House of Assembly: Wednesday, September 15, 2010

Contents

Matter of Privilege

MATTER OF PRIVILEGE

The SPEAKER (14:13): On Thursday 22 July 2010, the member for Davenport rose on a matter of privilege in relation to statements made by the Minister for Families and Communities in response to a question from the member about the investigation of and subsequent trial of Mr Thomas Easling. The member for Davenport's allegation is that the minister failed to substantiate her statement in response to questions from the member for Davenport on 30 October 2008 in relation to the conduct of an investigation of Mr Thomas Easling by the Special Investigations Unit of the Department for Families and Communities that 'We had people going into that house and finding semi-naked boys in his bed.' (Hansard 30 October 2008, page 768.)

A range of issues in relation to the investigation and trial of Mr Easling have been pursued by the member for Davenport and others over a considerable period of time. The member for Davenport has been tireless in his pursuit of this matter on behalf of his constituent and, whatever one feels about the issue, he is to be commended for his commitment.

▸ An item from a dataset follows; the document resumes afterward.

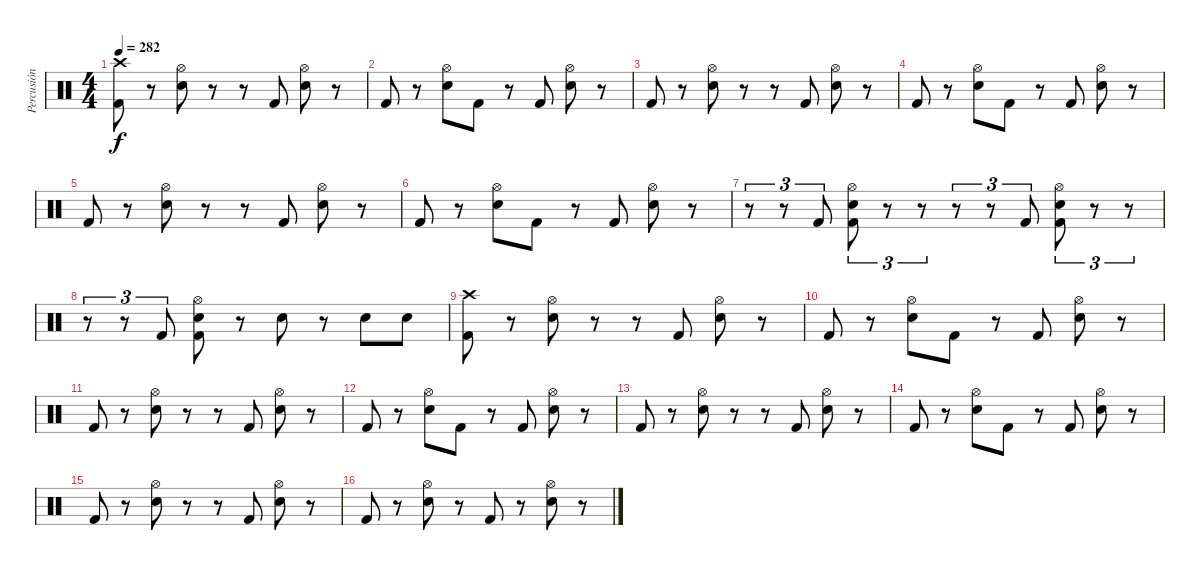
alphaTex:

Honourable members: Hear, hear!

The SPEAKER: I appreciate that there have been complaints in relation to the conduct of the Special Investigations Unit's investigations and the trial. These matters have been both personally distressing to many people involved and the subject of some political controversy. However, they are not relevant to the matter before the chair. So, I will spare Mr Easling and others any further embarrassment by not revisiting them, except to remind the house that Mr Easling was acquitted in December 2007 of all charges.

There are three elements in establishing the contempt and misleading of parliament. They are that the statement complained of must have been misleading; it must also be established that the member knew at the time that it was misleading; and that it was the member's deliberate intention to mislead the house.

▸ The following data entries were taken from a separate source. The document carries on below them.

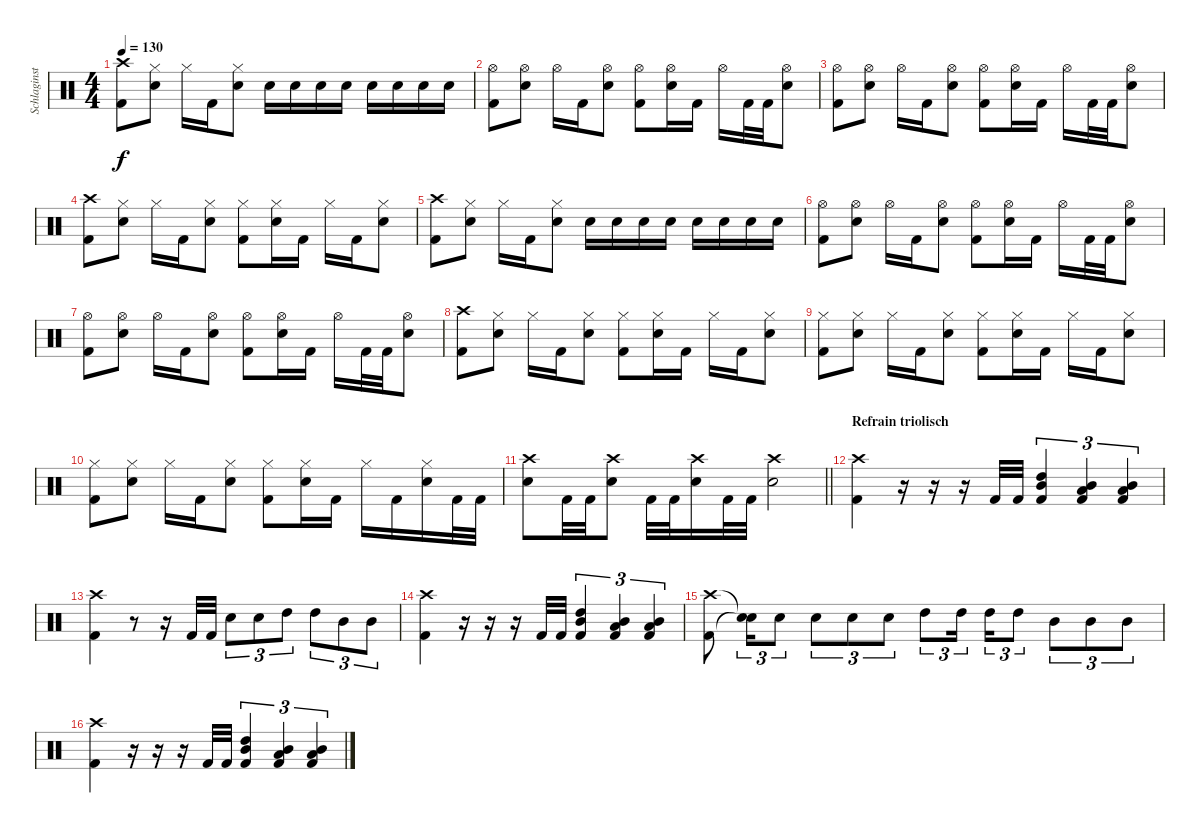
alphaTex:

\track ("Schlaginstrumente - Auswahl" "Schlaginst") {instrument percussion}
\staff {score}
\articulation defaults
\ts (4 4)
\tempo 130
\clef neutral
\ks c
("Crash high (hit)" "Kick (hit) 2").8{dy f} ("Hi-Hat (closed)" "Snare (hit) 2").8 "Hi-Hat (closed)".16 "Kick (hit) 2".16 ("Hi-Hat (closed)" "Snare (hit) 2").8 "Snare (hit) 2".16 "Snare (hit) 2".16 "Snare (hit) 2".16 "Snare (hit) 2".16 "Snare (hit) 2".16 "Snare (hit) 2".16 "Snare (hit) 2".16 "Snare (hit) 2".16 |
("Hi-Hat (open)" "Kick (hit) 2").8 ("Hi-Hat (open)" "Snare (hit) 2").8 "Hi-Hat (open)".16 "Kick (hit) 2".16 ("Hi-Hat (open)" "Snare (hit) 2").8 ("Hi-Hat (open)" "Kick (hit) 2").8 ("Hi-Hat (open)" "Snare (hit) 2").16 "Kick (hit) 2".16 "Hi-Hat (open)".16 "Kick (hit) 2".32 "Kick (hit) 2".32 ("Hi-Hat (open)" "Snare (hit) 2").8 |
("Hi-Hat (open)" "Kick (hit) 2").8 ("Hi-Hat (open)" "Snare (hit) 2").8 "Hi-Hat (open)".16 "Kick (hit) 2".16 ("Hi-Hat (open)" "Snare (hit) 2").8 ("Hi-Hat (open)" "Kick (hit) 2").8 ("Hi-Hat (open)" "Snare (hit) 2").16 "Kick (hit) 2".16 "Hi-Hat (open)".16 "Kick (hit) 2".32 "Kick (hit) 2".32 ("Hi-Hat (open)" "Snare (hit) 2").8 |
("Crash high (hit)" "Kick (hit) 2").8 ("Hi-Hat (closed)" "Snare (hit) 2").8 "Hi-Hat (closed)".16 "Kick (hit) 2".16 ("Hi-Hat (closed)" "Snare (hit) 2").8 ("Hi-Hat (closed)" "Kick (hit) 2").8 ("Hi-Hat (closed)" "Snare (hit) 2").16 "Kick (hit) 2".16 "Hi-Hat (closed)".16 "Kick (hit) 2".16 ("Hi-Hat (closed)" "Snare (hit) 2").8 |
("Crash high (hit)" "Kick (hit) 2").8 ("Hi-Hat (closed)" "Snare (hit) 2").8 "Hi-Hat (closed)".16 "Kick (hit) 2".16 ("Hi-Hat (closed)" "Snare (hit) 2").8 "Snare (hit) 2".16 "Snare (hit) 2".16 "Snare (hit) 2".16 "Snare (hit) 2".16 "Snare (hit) 2".16 "Snare (hit) 2".16 "Snare (hit) 2".16 "Snare (hit) 2".16 |
("Hi-Hat (open)" "Kick (hit) 2").8 ("Hi-Hat (open)" "Snare (hit) 2").8 "Hi-Hat (open)".16 "Kick (hit) 2".16 ("Hi-Hat (open)" "Snare (hit) 2").8 ("Hi-Hat (open)" "Kick (hit) 2").8 ("Hi-Hat (open)" "Snare (hit) 2").16 "Kick (hit) 2".16 "Hi-Hat (open)".16 "Kick (hit) 2".32 "Kick (hit) 2".32 ("Hi-Hat (open)" "Snare (hit) 2").8 |
("Hi-Hat (open)" "Kick (hit) 2").8 ("Hi-Hat (open)" "Snare (hit) 2").8 "Hi-Hat (open)".16 "Kick (hit) 2".16 ("Hi-Hat (open)" "Snare (hit) 2").8 ("Hi-Hat (open)" "Kick (hit) 2").8 ("Hi-Hat (open)" "Snare (hit) 2").16 "Kick (hit) 2".16 "Hi-Hat (open)".16 "Kick (hit) 2".32 "Kick (hit) 2".32 ("Hi-Hat (open)" "Snare (hit) 2").8 |
("Crash high (hit)" "Kick (hit) 2").8 ("Hi-Hat (closed)" "Snare (hit) 2").8 "Hi-Hat (closed)".16 "Kick (hit) 2".16 ("Hi-Hat (closed)" "Snare (hit) 2").8 ("Hi-Hat (closed)" "Kick (hit) 2").8 ("Hi-Hat (closed)" "Snare (hit) 2").16 "Kick (hit) 2".16 "Hi-Hat (closed)".16 "Kick (hit) 2".16 ("Hi-Hat (closed)" "Snare (hit) 2").8 |
("Hi-Hat (closed)" "Kick (hit) 2").8 ("Hi-Hat (closed)" "Snare (hit) 2").8 "Hi-Hat (closed)".16 "Kick (hit) 2".16 ("Hi-Hat (closed)" "Snare (hit) 2").8 ("Hi-Hat (closed)" "Kick (hit) 2").8 ("Hi-Hat (closed)" "Snare (hit) 2").16 "Kick (hit) 2".16 "Hi-Hat (closed)".16 "Kick (hit) 2".16 ("Hi-Hat (closed)" "Snare (hit) 2").8 |
("Hi-Hat (closed)" "Kick (hit) 2").8 ("Hi-Hat (closed)" "Snare (hit) 2").8 "Hi-Hat (closed)".16 "Kick (hit) 2".16 ("Hi-Hat (closed)" "Snare (hit) 2").8 ("Hi-Hat (closed)" "Kick (hit) 2").8 ("Hi-Hat (closed)" "Snare (hit) 2").16 "Kick (hit) 2".16 "Hi-Hat (closed)".16 "Kick (hit) 2".16 ("Hi-Hat (closed)" "Snare (hit) 2").16 "Kick (hit) 2".32 "Kick (hit) 2".32 |
\barLineRight lightlight
("Crash high (hit)" "Snare (hit) 2").8 "Kick (hit) 2".32 "Kick (hit) 2".32 ("Crash high (hit)" "Snare (hit) 2").8 "Kick (hit) 2".32 "Kick (hit) 2".32 ("Crash high (hit)" "Snare (hit) 2").16 "Kick (hit) 2".32 "Kick (hit) 2".32 ("Crash high (hit)" "Snare (hit) 2").2 |
\section ("" "Refrain triolisch")
("Crash high (hit)" "Kick (hit) 2").4 r.16 r.16 r.16 "Kick (hit) 2".32 "Kick (hit) 2".32 ("High Tom (hit)" "Mid Tom (hit)" "Kick (hit) 2").4{tu (3 2)} ("Mid Tom (hit)" "Low Tom (hit)" "Kick (hit) 2").4{tu (3 2)} ("Mid Tom (hit)" "Low Tom (hit)" "Kick (hit) 2").4{tu (3 2)} |
("Crash high (hit)" "Kick (hit) 2").4 r.8 r.16 "Kick (hit) 2".32 "Kick (hit) 2".32 "Snare (hit) 2".8{tu (3 2)} "Snare (hit) 2".8{tu (3 2)} "High Tom (hit)".8{tu (3 2)} "High Tom (hit)".8{tu (3 2)} "Mid Tom (hit)".8{tu (3 2)} "Mid Tom (hit)".8{tu (3 2)} |
("Crash high (hit)" "Kick (hit) 2").4 r.16 r.16 r.16 "Kick (hit) 2".32 "Kick (hit) 2".32 ("High Tom (hit)" "Mid Tom (hit)" "Kick (hit) 2").4{tu (3 2)} ("Mid Tom (hit)" "Low Tom (hit)" "Kick (hit) 2").4{tu (3 2)} ("Mid Tom (hit)" "Low Tom (hit)" "Kick (hit) 2").4{tu (3 2)} |
("Crash high (hit)" "Kick (hit) 2").8 ("Snare (hit)"{t} "Snare (hit)"{t}).16{tu (3 2)} "Snare (hit) 2".8{tu (3 2)} "Snare (hit) 2".8{tu (3 2)} "Snare (hit) 2".8{tu (3 2)} "Snare (hit) 2".8{tu (3 2)} "High Tom (hit)".8{tu (3 2)} "High Tom (hit)".16{tu (3 2) beam splitsecondary} "High Tom (hit)".16{tu (3 2)} "High Tom (hit)".8{tu (3 2)} "Mid Tom (hit)".8{tu (3 2)} "Mid Tom (hit)".8{tu (3 2)} "Mid Tom (hit)".8{tu (3 2)} |
("Crash high (hit)" "Kick (hit) 2").4 r.16 r.16 r.16 "Kick (hit) 2".32 "Kick (hit) 2".32 ("High Tom (hit)" "Mid Tom (hit)" "Kick (hit) 2").4{tu (3 2)} ("Mid Tom (hit)" "Low Tom (hit)" "Kick (hit) 2").4{tu (3 2)} ("Mid Tom (hit)" "Low Tom (hit)" "Kick (hit) 2").4{tu (3 2)}

In response to another question from the member for Davenport on the same matter, the minister claimed in the house on 27 November 2008 that she had used her own words to summarise the information she had. Again, in a newspaper article referred to by the member for Davenport, the minister is quoted as saying that she had relied on documentation provided by the department.

The member for Davenport claims, and I think has clearly established, that the words 'semi-naked boys in his bed' do not appear in any evidence tendered to the court or in any documents released in response to FOI applications made by the member for Davenport or ordered to be released by the Ombudsman.

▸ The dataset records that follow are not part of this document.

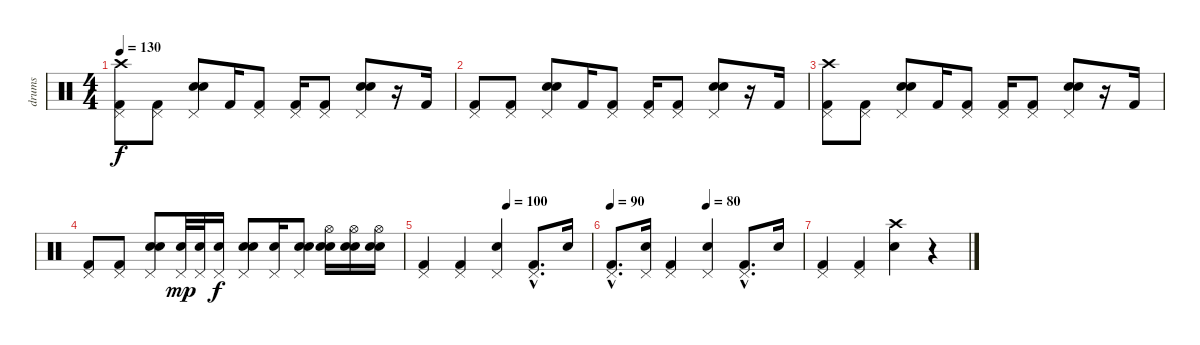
\track ("drums" "drums") {instrument percussion}
\staff {score}
\articulation defaults
\ts (4 4)
\tempo 130
\clef neutral
\ks c
("Crash high (hit)" "Kick (hit) 2" "Pedal Hi-Hat (hit)").8{dy f} ("Kick (hit) 2" "Pedal Hi-Hat (hit)").8 ("Electric Snare (hit)" "Snare (hit) 2" "Pedal Hi-Hat (hit)").8 "Kick (hit) 2".16 ("Kick (hit) 2" "Pedal Hi-Hat (hit)").8 ("Kick (hit) 2" "Pedal Hi-Hat (hit)").16 ("Kick (hit) 2" "Pedal Hi-Hat (hit)").8 ("Electric Snare (hit)" "Snare (hit) 2" "Pedal Hi-Hat (hit)").8 r.16 "Kick (hit) 2".16 |
("Kick (hit) 2" "Pedal Hi-Hat (hit)").8 ("Kick (hit) 2" "Pedal Hi-Hat (hit)").8 ("Electric Snare (hit)" "Snare (hit) 2" "Pedal Hi-Hat (hit)").8 "Kick (hit) 2".16 ("Kick (hit) 2" "Pedal Hi-Hat (hit)").8 ("Kick (hit) 2" "Pedal Hi-Hat (hit)").16 ("Kick (hit) 2" "Pedal Hi-Hat (hit)").8 ("Electric Snare (hit)" "Snare (hit) 2" "Pedal Hi-Hat (hit)").8 r.16 "Kick (hit) 2".16 |
("Crash high (hit)" "Kick (hit) 2" "Pedal Hi-Hat (hit)").8 ("Kick (hit) 2" "Pedal Hi-Hat (hit)").8 ("Electric Snare (hit)" "Snare (hit) 2" "Pedal Hi-Hat (hit)").8 "Kick (hit) 2".16 ("Kick (hit) 2" "Pedal Hi-Hat (hit)").8 ("Kick (hit) 2" "Pedal Hi-Hat (hit)").16 ("Kick (hit) 2" "Pedal Hi-Hat (hit)").8 ("Electric Snare (hit)" "Snare (hit) 2" "Pedal Hi-Hat (hit)").8 r.16 "Kick (hit) 2".16 |
("Kick (hit) 2" "Pedal Hi-Hat (hit)").8 ("Kick (hit) 2" "Pedal Hi-Hat (hit)").8 ("Electric Snare (hit)" "Snare (hit) 2" "Pedal Hi-Hat (hit)").8 ("Electric Snare (hit)" "Pedal Hi-Hat (hit)").32{dy mp} ("Electric Snare (hit)" "Pedal Hi-Hat (hit)").32 ("Electric Snare (hit)" "Pedal Hi-Hat (hit)").16{dy f} ("Snare (hit) 2" "Electric Snare (hit)" "Pedal Hi-Hat (hit)").8 ("Electric Snare (hit)" "Pedal Hi-Hat (hit)").16 ("Snare (hit) 2" "Electric Snare (hit)" "Pedal Hi-Hat (hit)").8 ("Snare (hit) 2" "Electric Snare (hit)" "Hi-Hat (open)").16 ("Snare (hit) 2" "Electric Snare (hit)" "Hi-Hat (open)").16 ("Snare (hit) 2" "Electric Snare (hit)" "Hi-Hat (open)").16 |
\tempo (100 0.5)
("Kick (hit) 2" "Pedal Hi-Hat (hit)").4 ("Kick (hit) 2" "Pedal Hi-Hat (hit)").4 ("Electric Snare (hit)" "Pedal Hi-Hat (hit)").4 ("Kick (hit) 2"{hac} "Pedal Hi-Hat (hit)").8{d} "Electric Snare (hit)".16 |
\tempo 90
\tempo (80 0.5)
("Kick (hit) 2"{hac} "Pedal Hi-Hat (hit)"{hac}).8{d} ("Electric Snare (hit)" "Pedal Hi-Hat (hit)").16 ("Kick (hit) 2" "Pedal Hi-Hat (hit)").4 ("Electric Snare (hit)" "Pedal Hi-Hat (hit)").4 ("Kick (hit) 2"{hac} "Pedal Hi-Hat (hit)"{hac}).8{d} "Electric Snare (hit)".16 |
("Kick (hit) 2" "Pedal Hi-Hat (hit)").4 ("Kick (hit) 2" "Pedal Hi-Hat (hit)").4 ("Electric Snare (hit)" "Crash high (hit)").4 r.4

As a number of occupants of the chair have stated in previous opinions, an inconsistency between the words used by a member in the house with those previously used in the house or elsewhere, or words spoken that are inconsistent with the text of any document, is not of itself misleading and therefore not a matter of privilege.

The minister has claimed, as I have said earlier, that the words used were her own and based on conclusions she had reached from the information available to her. In the heat of lively exchange during question time, I believe the minister's words were not wisely chosen and could be fairly described as innuendo. A minister should be more careful.

McGee in Parliamentary Practice in New Zealand, the reference that has been used regularly to guide this house in such matters, states:

The standard of proof demanded is the civil standard of proof on a balance of probabilities but, given the serious nature of the allegations, proof of a very high order. Recklessness in the use of words in debate, though reprehensible in itself, falls short of the standard required to hold a member responsible for deliberately misleading the house. [McGee, 3rd Ed., p. 654]

Nothing has been presented to me by the member for Davenport in his statement to the house on 22 July 2010 or in the substantial documentation that he has provided to me that would lead me to conclude that the minister knew at the time that the words were misleading or that it was the minister's deliberate intention to mislead.

This is confirmed by the fact that the minister, who should be well aware of the possible consequences of deliberately misleading the house, has not, in the 22 months since, seen fit to withdraw, clarify or correct the record. This may be because she still believes, as the former attorney-general did when he answered a question from the member for Davenport on the same matter on 27 November 2008, that her answer and those of other ministers addressing this matter were based on, and I quote, 'a more than adequate substratum of fact'. (Hansard 27 November 2008, page 206.) However, it is the chair's view that this house has a right to expect that information provided to it be based on something more substantial than that.

In the chair's opinion this is not a matter of privilege, for the reasons I stated earlier. In the chair's view, the matter could not 'genuinely be regarded as tending to impede or obstruct the house in the discharge of its duties'. This is the standard in matters of privilege that the house has consistently applied. Therefore, I decline to give the matter the precedence that would allow the member for Davenport to immediately pursue the matter. However, my opinion does not prevent any member from pursuing the matter by way of substantive motion.